Sliders inside absolutely works.
I'm not sure how a slider would work in frigid weather and snow in heavy conditions as you must keep clean accumulation from the tracking area and hope for no ground heave.
A removable center wall between stalls works as long as what ever you use is safe in rounded construction.
My only concern with that is a hoof slipping between the bars entrapping the horse if they were "rolling" or something.
Nice barn, pretty design.

Enjoy your project.
🐴...


----------



## JoyinDriving (Oct 15, 2014)

horselovinguy said:


> Sliders inside absolutely works.
> I'm not sure how a slider would work in frigid weather and snow in heavy conditions as you must keep clean accumulation from the tracking area and hope for no ground heave.
> A removable center wall between stalls works as long as what ever you use is safe in rounded construction.
> My only concern with that is a hoof slipping between the bars entrapping the horse if they were "rolling" or something.
> ...


Thank you! Very good points to consider.


----------



## Aprilswissmiss (May 12, 2019)

I have no building experience or input but I do want to say I'll be keeping an eye on this thread as a Mainer with a distant goal of building a very similar barn for a couple horses and goats!


----------



## Woodhaven (Jan 21, 2014)

I'm assuming you will have two horses. At my sister's place the back 1/3 of a cattle barn is divided up into two large runs (each about 15 x 36) one with a sliding door opening south and the other with a door opening north and it is great for the horses as in the summer there is a good cross breeze and they can go out into the barn yard from the south run in and then out to pasture. The north run in just goes out to a paddock which is good for the ponies as they need limited pasture. This way they can come up winter and summer to get inside.

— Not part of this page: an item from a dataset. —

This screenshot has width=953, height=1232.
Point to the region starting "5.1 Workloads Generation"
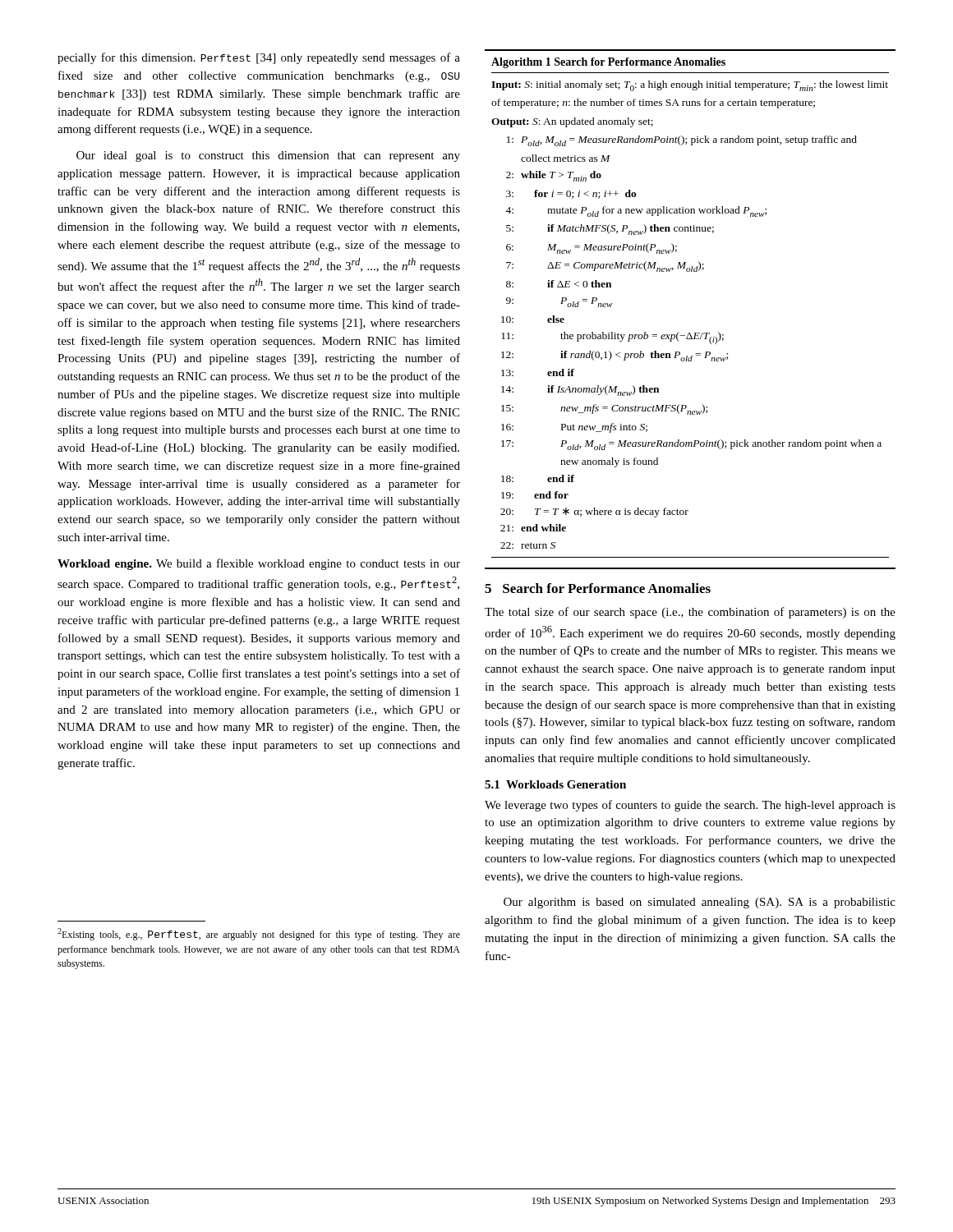point(555,784)

The one thing to consider with this is if the two horses get along well because if one is dominant the other horse can have a tough time of it in extreme weather as it will be very cautious about going into the run in. There is a swinging gate that can separate one run in into two boxes but the inside one does not have an exit so we don't use it, but could if we needed to.

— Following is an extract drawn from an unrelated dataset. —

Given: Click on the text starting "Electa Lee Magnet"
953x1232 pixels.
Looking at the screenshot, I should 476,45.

If horses do not get along well together I have seen horses get pinned in a corner and have the other horse go at it and kick the living daylights out of the timid horse. Just something to think about. Our horses do get along and there can be three out there sometimes or two at other times but if they didn't get along we would have to keep them more separate.
It's a nice looking barn, do you have have hay storage up top?


----------



## SteadyOn (Mar 5, 2017)

We had big sliding doors in a very snow-heavy area and it was... moooostly fine, but there were days when I had to tromp around to the outside of the door and chip out snow and ice all along the track and beyond, to get the door open. Wasn't great, but was doable. Mostly. You might want to consider having the roof extend out over the sliding door area so less snow and ice fall in there. Also, the doors at this place ended a few inches above the ground, and had rubber that went from the base of the door to close the gap, but which still allowed for any unevenness in the ground. It also kept indoor footing in, and outdoor footing out. Something to consider.


----------



## JoyinDriving (Oct 15, 2014)

SteadyOn said:


> We had big sliding doors in a very snow-heavy area and it was... moooostly fine, but there were days when I had to tromp around to the outside of the door and chip out snow and ice all along the track and beyond, to get the door open. Wasn't great, but was doable. Mostly. You might want to consider having the roof extend out over the sliding door area so less snow and ice fall in there. Also, the doors at this place ended a few inches above the ground, and had rubber that went from the base of the door to close the gap, but which still allowed for any unevenness in the ground. It also kept indoor footing in, and outdoor footing out. Something to consider.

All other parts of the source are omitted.